The webpage does not allow me to edit my post, they are not anymore in TFDS format, but they are Iterable datasets in pytorch and I am looking for a way to defined distributed sampler for this case. thanks. Here is the definition of my dataloader for more info:
import numpy as np
def cycle(iterable):
while True:
for x in iterable:
yield x
class DEBUG_dataset(Dataset):
def __init__(self,alpha):
self.d = (torch.arange(20) + 1) * alpha
def __len__(self):
return self.d.shape[0]
def __getitem__(self, index):
return self.d[index]
# https://medium.com/speechmatics/how-to-build-a-streaming-dataloader-with-pytorch-a66dd891d9dd
# https://discuss.pytorch.org/t/train-simultaneously-on-two-datasets/649/35
class MultiTaskDataloader(object):
def __init__(self, dataloaders, tau=1.0):
self.dataloaders = dataloaders
Z = sum(pow(v, tau) for v in self.dataloader_sizes.values())
self.tasknames, self.sampling_weights = zip(*((k, pow(v, tau) / Z) for k, v in self.dataloader_sizes.items()))
self.dataiters = {k: cycle(v) for k, v in dataloaders.items()}
@property
def dataloader_sizes(self):
if not hasattr(self, '_dataloader_sizes'):
self._dataloader_sizes = {k: len(v) for k, v in self.dataloaders.items()}
return self._dataloader_sizes
def __len__(self):
return sum(v for k, v in self.dataloader_sizes.items())
def __iter__(self):
outputs = {}
for i in range(len(self)):
taskname = np.random.choice(self.tasknames, p=self.sampling_weights)
dataiter = self.dataiters[taskname]
outputs["batch"] = next(dataiter)
outputs['task'] = taskname
yield outputs
if __name__=="__main__":
train_dl1 = DataLoader(DEBUG_dataset(10), batch_size = 4, num_workers = 0, shuffle=True)
train_dl2 = DataLoader(DEBUG_dataset(1), batch_size = 4, num_workers = 0, shuffle=True)
dataloader = MultiTaskDataloader({"task": train_dl1, "task2": train_dl1})
for batch in islice(dataloader, 5):
print(batch)
It’s difficult for me to answer precisely because I have no experience with distributed training.

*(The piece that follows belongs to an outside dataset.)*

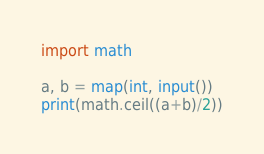<code> <loc_0><loc_0><loc_500><loc_500><_Python_>import math

a, b = map(int, input())
print(math.ceil((a+b)/2))</code>

It seems to me that you want to do sampling on your dataset. The samplers provided in the library I just mentionned take an IterableDataset as input. They also inherit from IterableDatasets, which means that you can use them instead of an existing IterableDataset.
What exactly are you expecting? What do you need the __iter__ method of the sampler to do exactly?